(Data extracted from a collection)

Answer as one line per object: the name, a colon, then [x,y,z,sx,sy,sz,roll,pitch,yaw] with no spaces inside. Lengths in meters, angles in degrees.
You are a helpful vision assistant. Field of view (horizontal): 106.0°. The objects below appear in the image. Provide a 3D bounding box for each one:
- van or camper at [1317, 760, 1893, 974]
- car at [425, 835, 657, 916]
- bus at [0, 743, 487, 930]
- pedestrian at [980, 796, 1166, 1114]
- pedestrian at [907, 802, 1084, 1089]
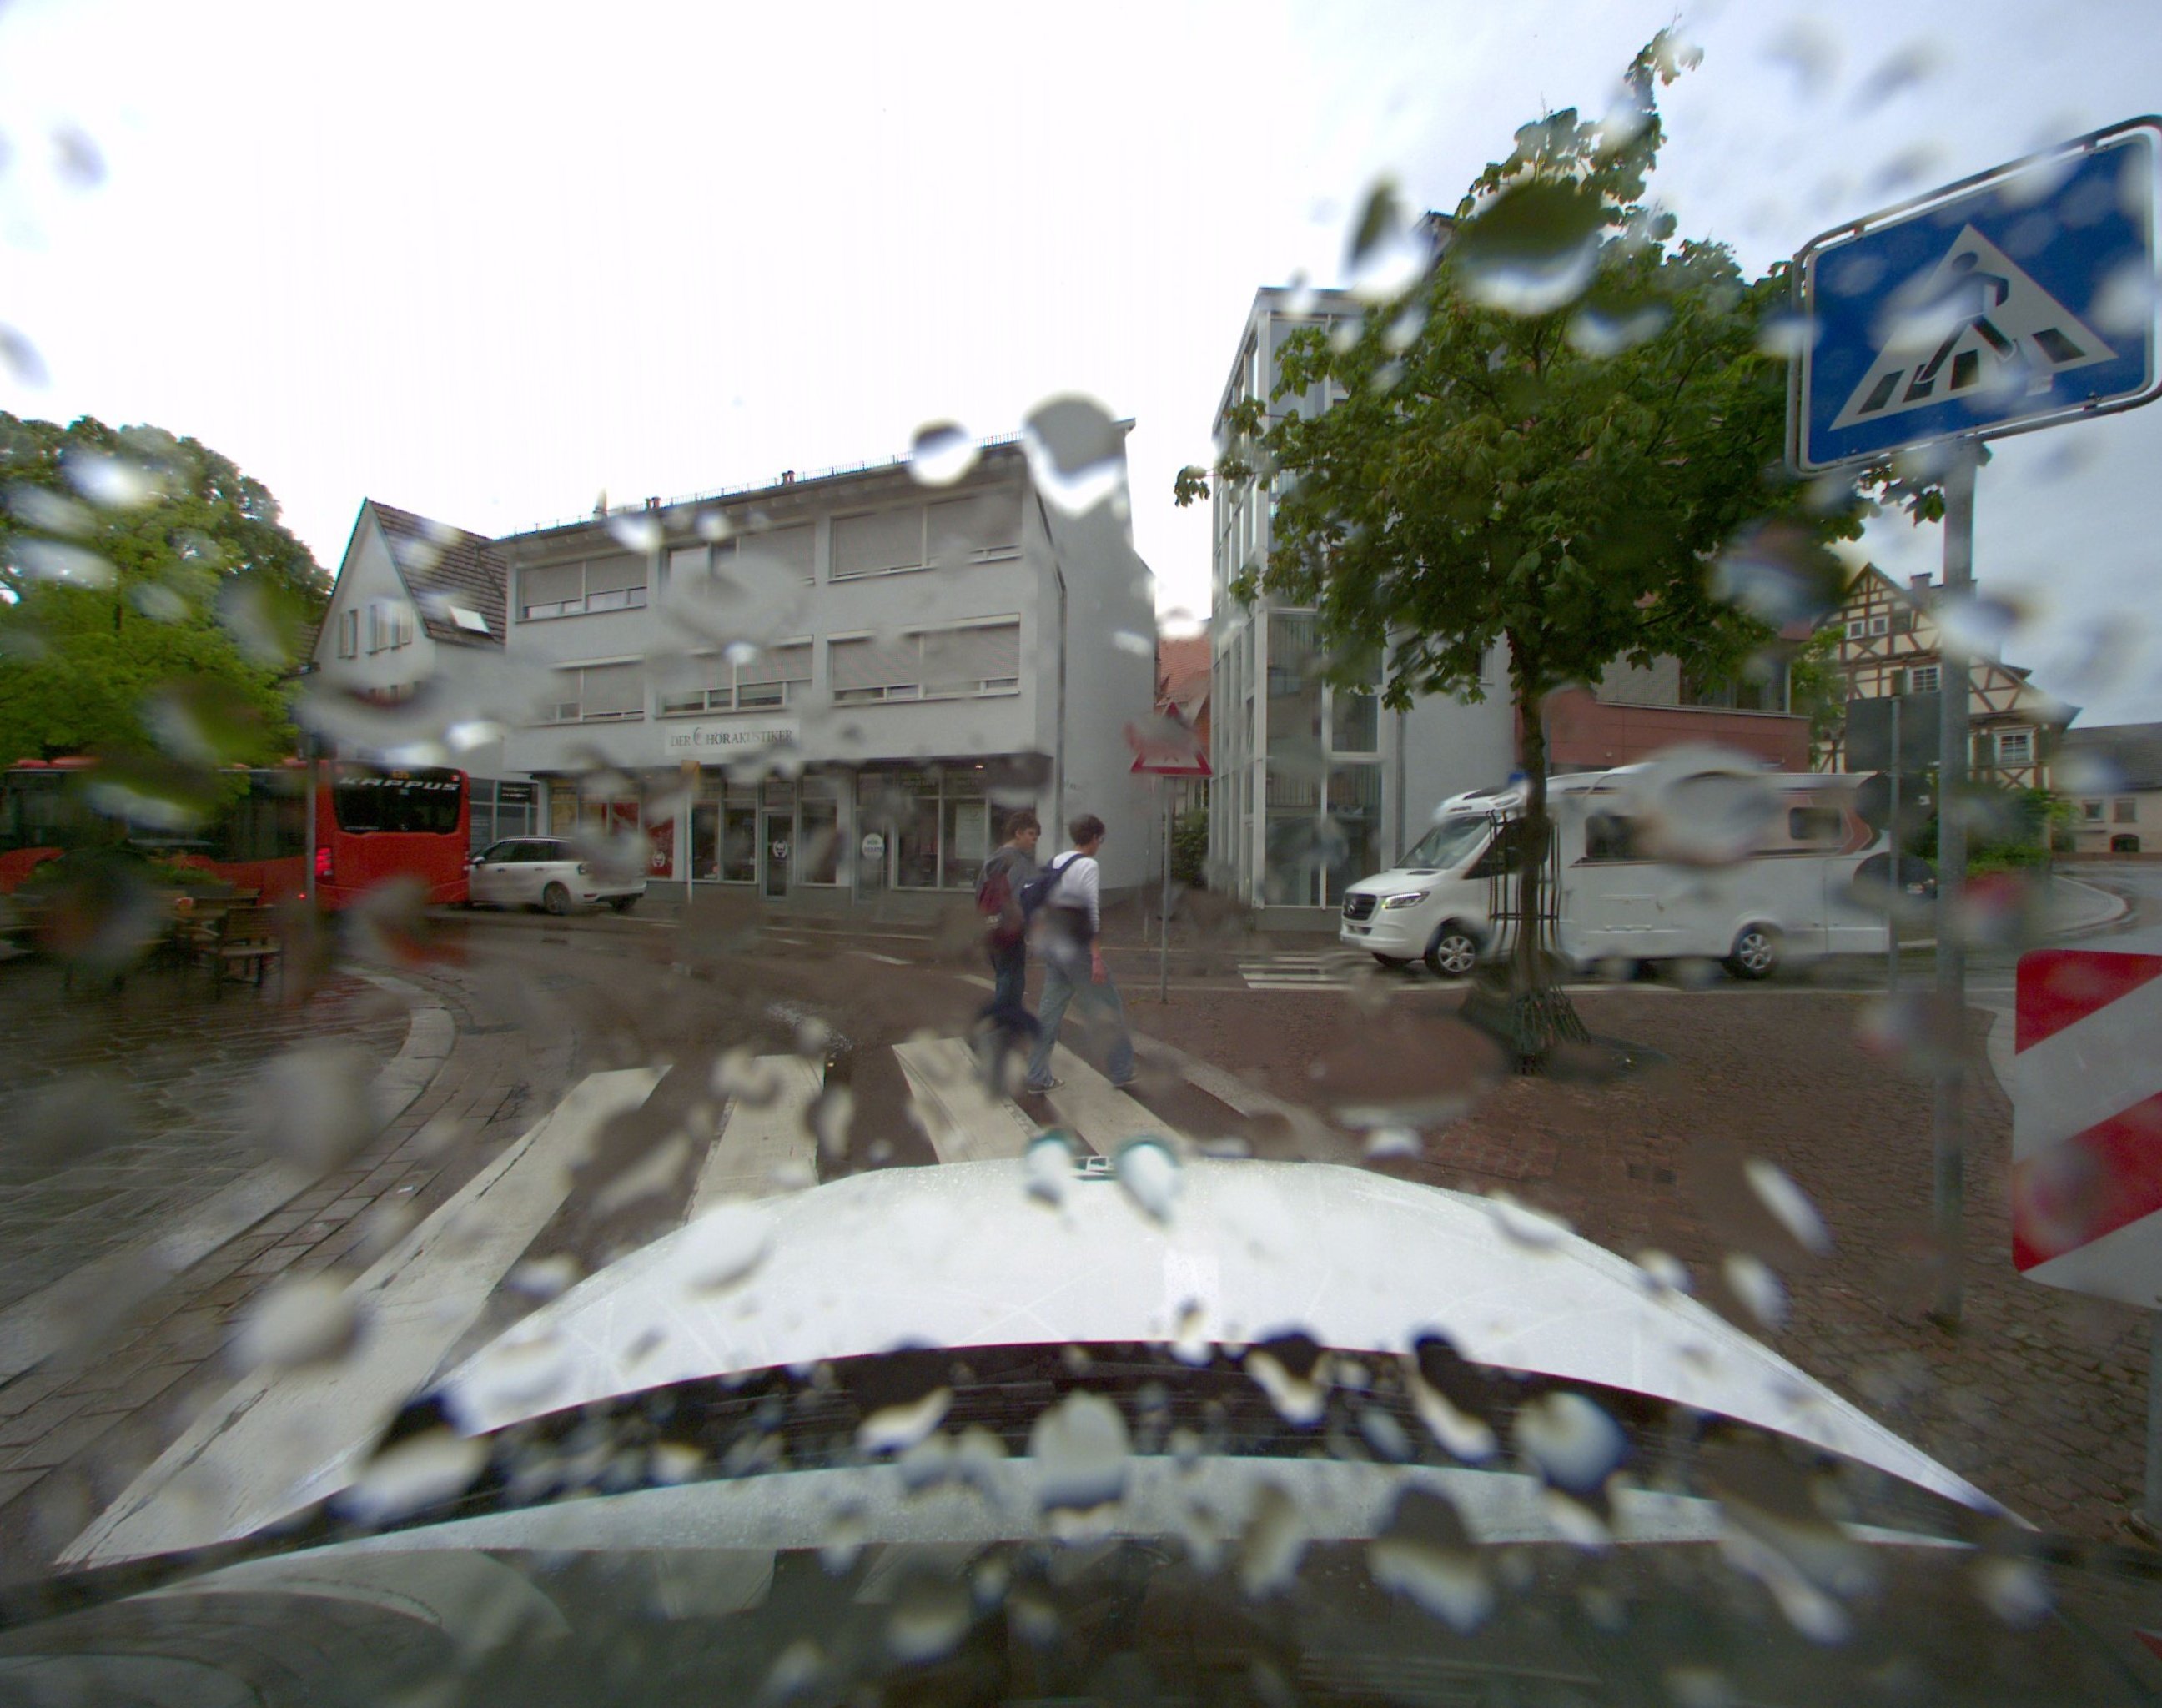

- Prompt
Transcribe all records verbatim, no pictures.

- Output for this exercise
Answer as one line per object: the name, a colon, then [x,y,z,sx,sy,sz,roll,pitch,yaw] with no spaces inside. Lengths in meters, angles in degrees.
You are a helpful vision assistant. Field of view (horizontal): 106.0°. The objects below appear in the image. Provide a 3D bounding box for each one:
- van or camper at [1317, 760, 1893, 974]
- car at [425, 835, 657, 916]
- bus at [0, 743, 487, 930]
- pedestrian at [980, 796, 1166, 1114]
- pedestrian at [907, 802, 1084, 1089]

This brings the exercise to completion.